* _What you are asked to do_: Print every record below exactly, minus the pictures.

* _Information provided_:
◆ ◆ ◆

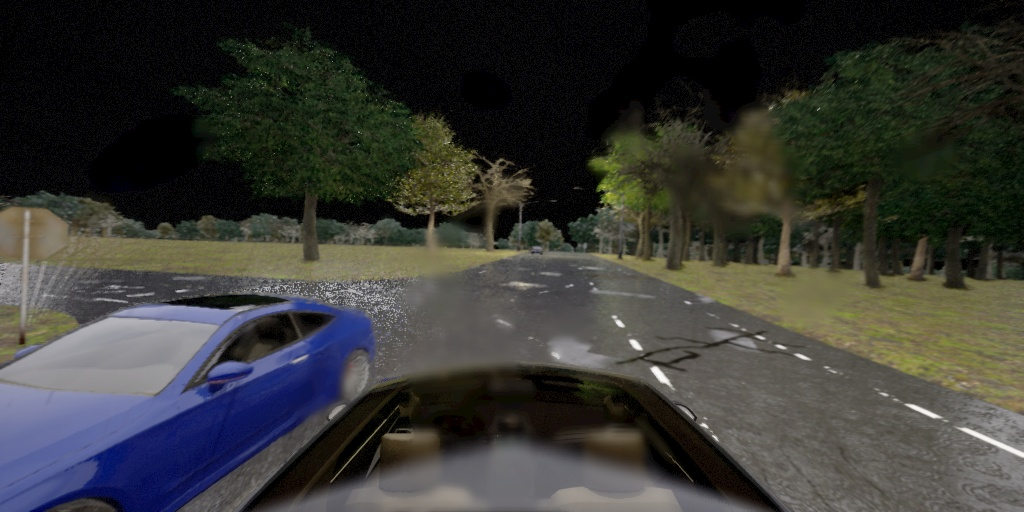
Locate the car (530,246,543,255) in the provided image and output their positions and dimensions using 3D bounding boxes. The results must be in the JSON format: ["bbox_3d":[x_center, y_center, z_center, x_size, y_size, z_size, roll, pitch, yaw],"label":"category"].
[{"bbox_3d":[4.027,-0.879,57.932,2.033,1.411,5.357,3,3,8],"label":"car"}]

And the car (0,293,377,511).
[{"bbox_3d":[-2.986,1.156,3.374,1.812,1.442,4.674,3,2,6],"label":"car"}]
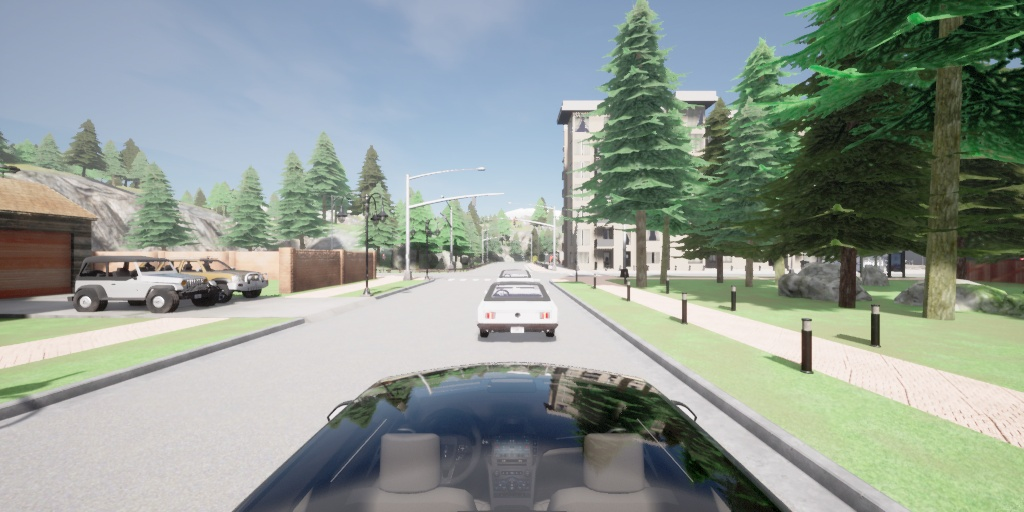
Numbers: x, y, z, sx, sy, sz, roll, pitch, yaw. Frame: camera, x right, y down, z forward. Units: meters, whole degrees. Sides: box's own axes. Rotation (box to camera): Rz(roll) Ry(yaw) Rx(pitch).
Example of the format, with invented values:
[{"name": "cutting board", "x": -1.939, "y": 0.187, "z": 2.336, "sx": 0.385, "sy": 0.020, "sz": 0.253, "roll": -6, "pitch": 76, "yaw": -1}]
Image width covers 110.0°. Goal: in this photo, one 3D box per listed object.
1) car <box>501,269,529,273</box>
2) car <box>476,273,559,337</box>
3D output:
[{"name": "car", "x": 0.167, "y": 1.351, "z": 19.359, "sx": 1.895, "sy": 1.301, "sz": 4.718, "roll": 0, "pitch": 0, "yaw": 0}, {"name": "car", "x": 0.134, "y": 1.351, "z": 10.192, "sx": 1.895, "sy": 1.301, "sz": 4.718, "roll": 0, "pitch": 0, "yaw": 0}]

◆ ◆ ◆

* _Exercise response_:
Locate the car (530,246,543,255) in the provided image and output their positions and dimensions using 3D bounding boxes. The results must be in the JSON format: ["bbox_3d":[x_center, y_center, z_center, x_size, y_size, z_size, roll, pitch, yaw],"label":"category"].
[{"bbox_3d":[4.027,-0.879,57.932,2.033,1.411,5.357,3,3,8],"label":"car"}]

And the car (0,293,377,511).
[{"bbox_3d":[-2.986,1.156,3.374,1.812,1.442,4.674,3,2,6],"label":"car"}]
Numbers: x, y, z, sx, sy, sz, roll, pitch, yaw. Frame: camera, x right, y down, z forward. Units: meters, whole degrees. Sides: box's own axes. Rotation (box to camera): Rz(roll) Ry(yaw) Rx(pitch).
Example of the format, with invented values:
[{"name": "cutting board", "x": -1.939, "y": 0.187, "z": 2.336, "sx": 0.385, "sy": 0.020, "sz": 0.253, "roll": -6, "pitch": 76, "yaw": -1}]
Image width covers 110.0°. Goal: in this photo, one 3D box per listed object.
1) car <box>501,269,529,273</box>
2) car <box>476,273,559,337</box>
3D output:
[{"name": "car", "x": 0.167, "y": 1.351, "z": 19.359, "sx": 1.895, "sy": 1.301, "sz": 4.718, "roll": 0, "pitch": 0, "yaw": 0}, {"name": "car", "x": 0.134, "y": 1.351, "z": 10.192, "sx": 1.895, "sy": 1.301, "sz": 4.718, "roll": 0, "pitch": 0, "yaw": 0}]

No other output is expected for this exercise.